I THink I speak for a few of the guys in sayin we had a good time and look forward to the next sunday we get to run away from Davids' 1/5 truck


----------



## Guffinator (Aug 27, 2005)

That thing was a hoot...although a bit on the dangerous side. My lil truck was faster, but it was so big I couldn't get around him!


----------



## cypressvendetta (Nov 9, 2008)

yea... But i really think David got his point across to that guy who kept hitting hit car hah


----------



## Guffinator (Aug 27, 2005)

Gary said:


> Who is Bigmax? :spineyes:


He's the guy that was running the RACE. You know, where people come out to run their RC cars together....


----------



## cjtamu (Sep 22, 2004)

Guffinator said:


> He's the guy that was running the RACE. You know, where people come out to run their RC cars together....

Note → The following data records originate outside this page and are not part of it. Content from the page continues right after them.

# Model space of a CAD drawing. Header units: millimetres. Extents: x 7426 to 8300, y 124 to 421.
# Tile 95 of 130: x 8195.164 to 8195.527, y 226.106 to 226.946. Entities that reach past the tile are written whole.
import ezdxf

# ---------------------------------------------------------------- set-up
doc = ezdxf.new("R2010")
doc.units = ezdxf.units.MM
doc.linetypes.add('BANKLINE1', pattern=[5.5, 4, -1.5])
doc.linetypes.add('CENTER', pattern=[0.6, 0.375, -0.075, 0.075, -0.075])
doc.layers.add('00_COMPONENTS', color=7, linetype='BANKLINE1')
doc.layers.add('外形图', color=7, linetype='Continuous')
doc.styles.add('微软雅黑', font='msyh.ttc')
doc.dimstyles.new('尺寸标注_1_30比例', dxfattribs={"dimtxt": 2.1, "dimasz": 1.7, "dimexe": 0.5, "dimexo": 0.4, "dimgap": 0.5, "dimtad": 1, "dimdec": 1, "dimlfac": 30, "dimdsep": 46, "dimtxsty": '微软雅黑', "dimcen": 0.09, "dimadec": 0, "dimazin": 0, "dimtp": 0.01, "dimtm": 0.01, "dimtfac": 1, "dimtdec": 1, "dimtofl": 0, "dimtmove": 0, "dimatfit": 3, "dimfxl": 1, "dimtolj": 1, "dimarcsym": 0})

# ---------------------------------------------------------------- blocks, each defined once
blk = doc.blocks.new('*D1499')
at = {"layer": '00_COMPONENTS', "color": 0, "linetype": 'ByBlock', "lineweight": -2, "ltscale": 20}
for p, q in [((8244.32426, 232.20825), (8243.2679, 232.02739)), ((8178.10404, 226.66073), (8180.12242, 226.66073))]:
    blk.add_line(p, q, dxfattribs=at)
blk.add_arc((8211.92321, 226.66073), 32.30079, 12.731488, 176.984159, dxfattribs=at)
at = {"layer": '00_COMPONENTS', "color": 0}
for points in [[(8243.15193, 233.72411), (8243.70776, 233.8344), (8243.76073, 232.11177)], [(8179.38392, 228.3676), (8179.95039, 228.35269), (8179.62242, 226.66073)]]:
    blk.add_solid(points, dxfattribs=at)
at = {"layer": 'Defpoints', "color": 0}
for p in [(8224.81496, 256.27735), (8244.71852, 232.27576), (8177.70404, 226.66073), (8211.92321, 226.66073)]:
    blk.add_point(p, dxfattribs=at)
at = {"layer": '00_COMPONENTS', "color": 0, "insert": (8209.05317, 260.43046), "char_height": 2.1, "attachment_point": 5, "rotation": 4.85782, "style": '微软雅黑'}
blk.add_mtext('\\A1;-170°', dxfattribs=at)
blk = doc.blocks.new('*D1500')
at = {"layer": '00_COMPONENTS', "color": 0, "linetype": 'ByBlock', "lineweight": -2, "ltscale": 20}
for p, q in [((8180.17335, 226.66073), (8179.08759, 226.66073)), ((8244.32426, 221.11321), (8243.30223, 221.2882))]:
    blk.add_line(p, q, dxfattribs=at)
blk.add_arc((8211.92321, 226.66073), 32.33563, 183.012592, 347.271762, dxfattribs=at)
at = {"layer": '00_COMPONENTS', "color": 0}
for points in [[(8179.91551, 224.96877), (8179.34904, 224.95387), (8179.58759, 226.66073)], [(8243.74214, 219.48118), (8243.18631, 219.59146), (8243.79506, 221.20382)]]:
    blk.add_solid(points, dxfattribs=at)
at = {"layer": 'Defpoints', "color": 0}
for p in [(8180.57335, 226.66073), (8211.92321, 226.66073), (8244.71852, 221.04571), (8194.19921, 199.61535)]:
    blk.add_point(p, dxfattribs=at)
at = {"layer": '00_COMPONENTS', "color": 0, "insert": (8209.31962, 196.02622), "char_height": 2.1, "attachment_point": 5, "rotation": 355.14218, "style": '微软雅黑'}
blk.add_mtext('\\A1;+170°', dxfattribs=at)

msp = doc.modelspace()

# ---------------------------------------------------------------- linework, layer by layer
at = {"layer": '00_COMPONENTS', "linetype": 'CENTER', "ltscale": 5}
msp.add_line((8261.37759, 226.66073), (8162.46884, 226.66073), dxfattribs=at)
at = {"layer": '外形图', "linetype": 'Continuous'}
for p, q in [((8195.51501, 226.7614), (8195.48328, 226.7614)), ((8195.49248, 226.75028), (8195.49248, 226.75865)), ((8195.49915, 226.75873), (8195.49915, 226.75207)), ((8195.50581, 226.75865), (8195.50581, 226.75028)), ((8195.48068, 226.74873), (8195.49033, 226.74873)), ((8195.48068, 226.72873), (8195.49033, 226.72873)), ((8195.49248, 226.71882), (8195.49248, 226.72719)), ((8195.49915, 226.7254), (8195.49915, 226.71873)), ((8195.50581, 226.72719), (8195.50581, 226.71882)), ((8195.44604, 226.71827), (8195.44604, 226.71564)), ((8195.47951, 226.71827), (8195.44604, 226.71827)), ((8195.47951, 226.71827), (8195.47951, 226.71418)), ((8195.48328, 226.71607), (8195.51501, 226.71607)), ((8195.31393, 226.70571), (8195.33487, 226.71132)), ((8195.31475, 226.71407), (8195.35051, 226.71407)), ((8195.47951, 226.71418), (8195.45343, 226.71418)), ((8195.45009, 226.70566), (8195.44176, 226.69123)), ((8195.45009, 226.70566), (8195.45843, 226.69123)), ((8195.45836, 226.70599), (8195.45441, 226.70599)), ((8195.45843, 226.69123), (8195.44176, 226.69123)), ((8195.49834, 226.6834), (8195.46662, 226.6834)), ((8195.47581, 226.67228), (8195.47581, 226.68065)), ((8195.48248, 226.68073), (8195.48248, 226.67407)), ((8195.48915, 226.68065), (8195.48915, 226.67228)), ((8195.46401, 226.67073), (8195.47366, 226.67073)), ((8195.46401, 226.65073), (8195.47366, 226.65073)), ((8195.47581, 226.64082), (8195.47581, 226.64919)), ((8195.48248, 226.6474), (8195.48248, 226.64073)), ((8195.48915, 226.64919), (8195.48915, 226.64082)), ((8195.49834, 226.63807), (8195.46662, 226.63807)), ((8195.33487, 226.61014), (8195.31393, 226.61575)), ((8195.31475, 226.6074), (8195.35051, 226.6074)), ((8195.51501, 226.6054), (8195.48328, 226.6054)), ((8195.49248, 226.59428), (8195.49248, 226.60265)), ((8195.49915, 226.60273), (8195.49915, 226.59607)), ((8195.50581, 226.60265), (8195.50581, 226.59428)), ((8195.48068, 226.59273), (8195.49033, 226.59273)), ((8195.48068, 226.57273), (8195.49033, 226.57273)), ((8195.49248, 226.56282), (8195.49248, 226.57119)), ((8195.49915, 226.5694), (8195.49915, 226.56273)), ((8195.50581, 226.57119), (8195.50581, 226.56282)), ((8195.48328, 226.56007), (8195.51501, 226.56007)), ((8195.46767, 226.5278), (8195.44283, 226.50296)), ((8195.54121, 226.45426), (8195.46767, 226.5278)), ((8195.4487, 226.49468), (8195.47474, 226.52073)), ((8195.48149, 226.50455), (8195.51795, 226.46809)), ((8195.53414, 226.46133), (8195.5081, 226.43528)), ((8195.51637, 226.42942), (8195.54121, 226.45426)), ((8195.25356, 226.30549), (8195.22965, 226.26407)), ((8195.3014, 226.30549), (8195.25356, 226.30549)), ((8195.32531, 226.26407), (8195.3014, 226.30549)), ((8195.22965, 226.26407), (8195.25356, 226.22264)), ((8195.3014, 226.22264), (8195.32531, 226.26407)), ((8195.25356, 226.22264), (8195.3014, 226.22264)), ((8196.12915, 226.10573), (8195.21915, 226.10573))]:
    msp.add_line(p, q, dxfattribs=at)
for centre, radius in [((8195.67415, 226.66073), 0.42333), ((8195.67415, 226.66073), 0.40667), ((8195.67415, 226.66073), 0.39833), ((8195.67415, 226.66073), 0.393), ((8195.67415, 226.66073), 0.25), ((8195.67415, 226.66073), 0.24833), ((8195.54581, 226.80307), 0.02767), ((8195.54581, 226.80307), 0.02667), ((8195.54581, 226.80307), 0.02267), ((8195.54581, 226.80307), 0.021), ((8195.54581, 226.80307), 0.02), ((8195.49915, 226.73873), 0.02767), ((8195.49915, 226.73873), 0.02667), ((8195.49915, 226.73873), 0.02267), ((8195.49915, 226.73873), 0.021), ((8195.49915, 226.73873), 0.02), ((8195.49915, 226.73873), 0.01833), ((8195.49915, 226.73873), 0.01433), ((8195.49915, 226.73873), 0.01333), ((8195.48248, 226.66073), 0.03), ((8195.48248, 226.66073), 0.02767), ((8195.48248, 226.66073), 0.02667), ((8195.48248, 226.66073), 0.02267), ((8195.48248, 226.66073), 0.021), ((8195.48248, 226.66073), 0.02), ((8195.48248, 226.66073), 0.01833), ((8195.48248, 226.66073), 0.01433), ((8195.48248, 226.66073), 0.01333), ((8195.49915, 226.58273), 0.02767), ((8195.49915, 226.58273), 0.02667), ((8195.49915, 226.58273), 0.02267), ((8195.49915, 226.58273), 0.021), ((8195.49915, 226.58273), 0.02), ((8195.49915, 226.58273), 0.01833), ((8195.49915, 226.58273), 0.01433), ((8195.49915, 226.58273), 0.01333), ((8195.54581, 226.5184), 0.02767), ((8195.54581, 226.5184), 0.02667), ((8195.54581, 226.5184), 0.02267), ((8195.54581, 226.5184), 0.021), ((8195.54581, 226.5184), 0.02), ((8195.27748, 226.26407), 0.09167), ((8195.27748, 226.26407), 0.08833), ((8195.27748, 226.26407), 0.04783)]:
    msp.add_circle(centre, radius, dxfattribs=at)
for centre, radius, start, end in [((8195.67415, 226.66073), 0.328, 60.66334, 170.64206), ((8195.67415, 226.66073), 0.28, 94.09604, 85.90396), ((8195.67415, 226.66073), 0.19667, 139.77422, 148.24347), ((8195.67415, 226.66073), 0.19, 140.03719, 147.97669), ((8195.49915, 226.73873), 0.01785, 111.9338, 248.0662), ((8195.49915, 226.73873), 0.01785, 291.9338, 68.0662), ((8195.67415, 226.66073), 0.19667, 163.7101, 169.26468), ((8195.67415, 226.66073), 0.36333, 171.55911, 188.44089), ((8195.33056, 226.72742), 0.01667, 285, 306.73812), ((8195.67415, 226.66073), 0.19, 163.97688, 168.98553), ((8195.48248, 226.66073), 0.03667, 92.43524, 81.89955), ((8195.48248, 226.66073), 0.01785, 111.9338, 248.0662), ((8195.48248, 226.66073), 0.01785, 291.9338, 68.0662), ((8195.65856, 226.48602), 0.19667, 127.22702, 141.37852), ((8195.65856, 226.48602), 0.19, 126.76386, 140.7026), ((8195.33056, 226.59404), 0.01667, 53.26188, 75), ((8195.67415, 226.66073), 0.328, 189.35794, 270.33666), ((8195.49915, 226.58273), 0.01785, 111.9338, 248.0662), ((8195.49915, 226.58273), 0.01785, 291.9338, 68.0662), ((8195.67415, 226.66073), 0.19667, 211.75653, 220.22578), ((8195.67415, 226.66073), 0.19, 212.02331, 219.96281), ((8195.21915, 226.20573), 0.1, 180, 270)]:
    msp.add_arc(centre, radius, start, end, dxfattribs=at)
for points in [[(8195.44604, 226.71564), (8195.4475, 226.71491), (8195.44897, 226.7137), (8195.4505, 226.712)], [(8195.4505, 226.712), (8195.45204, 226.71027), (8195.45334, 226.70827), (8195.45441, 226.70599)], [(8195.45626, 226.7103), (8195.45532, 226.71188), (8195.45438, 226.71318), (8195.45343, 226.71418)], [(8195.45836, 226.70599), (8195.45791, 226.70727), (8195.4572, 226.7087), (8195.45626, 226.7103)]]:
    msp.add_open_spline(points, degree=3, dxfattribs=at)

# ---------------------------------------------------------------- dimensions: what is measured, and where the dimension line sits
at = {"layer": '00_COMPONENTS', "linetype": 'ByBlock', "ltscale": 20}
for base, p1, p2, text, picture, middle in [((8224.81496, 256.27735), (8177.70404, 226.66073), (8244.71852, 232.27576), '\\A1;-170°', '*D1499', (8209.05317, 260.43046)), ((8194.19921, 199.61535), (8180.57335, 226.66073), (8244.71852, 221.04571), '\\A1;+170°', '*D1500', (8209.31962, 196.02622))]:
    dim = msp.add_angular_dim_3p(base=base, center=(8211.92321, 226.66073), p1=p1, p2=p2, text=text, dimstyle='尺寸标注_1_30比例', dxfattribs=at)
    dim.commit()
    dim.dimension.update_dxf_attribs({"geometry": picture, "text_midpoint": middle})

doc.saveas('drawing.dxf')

Ho ho ho ha ha ha! I will see you guys one Sunday soon. Biggie, whatcha gonna run? I have this spare B4 I was gonna sell, but if y'all are running oval maybe there's a Sprint conversion? Hmmmmmmmm...


----------



## Gary (May 21, 2004)

Guffinator said:


> He's the guy that was running the RACE. You know, where people come out to run their RC cars together....


PM coming.


----------



## GoFaster (May 4, 2005)

Biff, you working on Sundays now?


----------



## Gary (May 21, 2004)

GoFaster said:


> Biff, you working on Sundays now?


Usualy 3 out of 4.


----------



## fishermanX (Jun 23, 2005)

where is randy's at?


----------



## cjtamu (Sep 22, 2004)

249 and Grant


----------



## GoFaster (May 4, 2005)

Gary said:


> Usualy 3 out of 4.


I bet you wouldn't have to work saturday or sunday if you took the time you surf the internet away and worked instead.

hahahaha


----------



## Bigmax (Jul 21, 2004)

*WHo's Bigmax?*

Where did this Biff guy go?? 

I ran my Rail but it had a HUGE PUSH turning left! Trying to get my Yokomo ready for ths Sunday. BTW, the plan is to run every other Sunday starting this Sunday. GET READY TO PULL THE LEEEEVER!!! PD, if you get there at 3:00 you will still be able to do some running bro.


----------



## PD2 (Jul 1, 2005)

Bigmax said:


> Where did this Biff guy go??
> 
> I ran my Rail but it had a HUGE PUSH turning left! Trying to get my Yokomo ready for ths Sunday. BTW, the plan is to run every other Sunday starting this Sunday. GET READY TO PULL THE LEEEEVER!!! PD, if you get there at 3:00 you will still be able to do some running bro.


Hey Biggie!!!

I'm going to try to stop by this Sunday. If its every other Sunday starting this Sunday, that may work for me, even if I can show up at 3pm. If nothing else, it will be GREAT to see ya Biggie! Been too long bro!

Thanks!
PD2


----------



## Chase4556 (Aug 26, 2008)

Watch out guys! I'm in town and working this weekend, so when I get chances tomorrow, I will be running. I know I know, I will try not to run too many people off the track....really, I have a problem with hitting people and staying on the track. My driving is a little rusty.  Flying will do that to you.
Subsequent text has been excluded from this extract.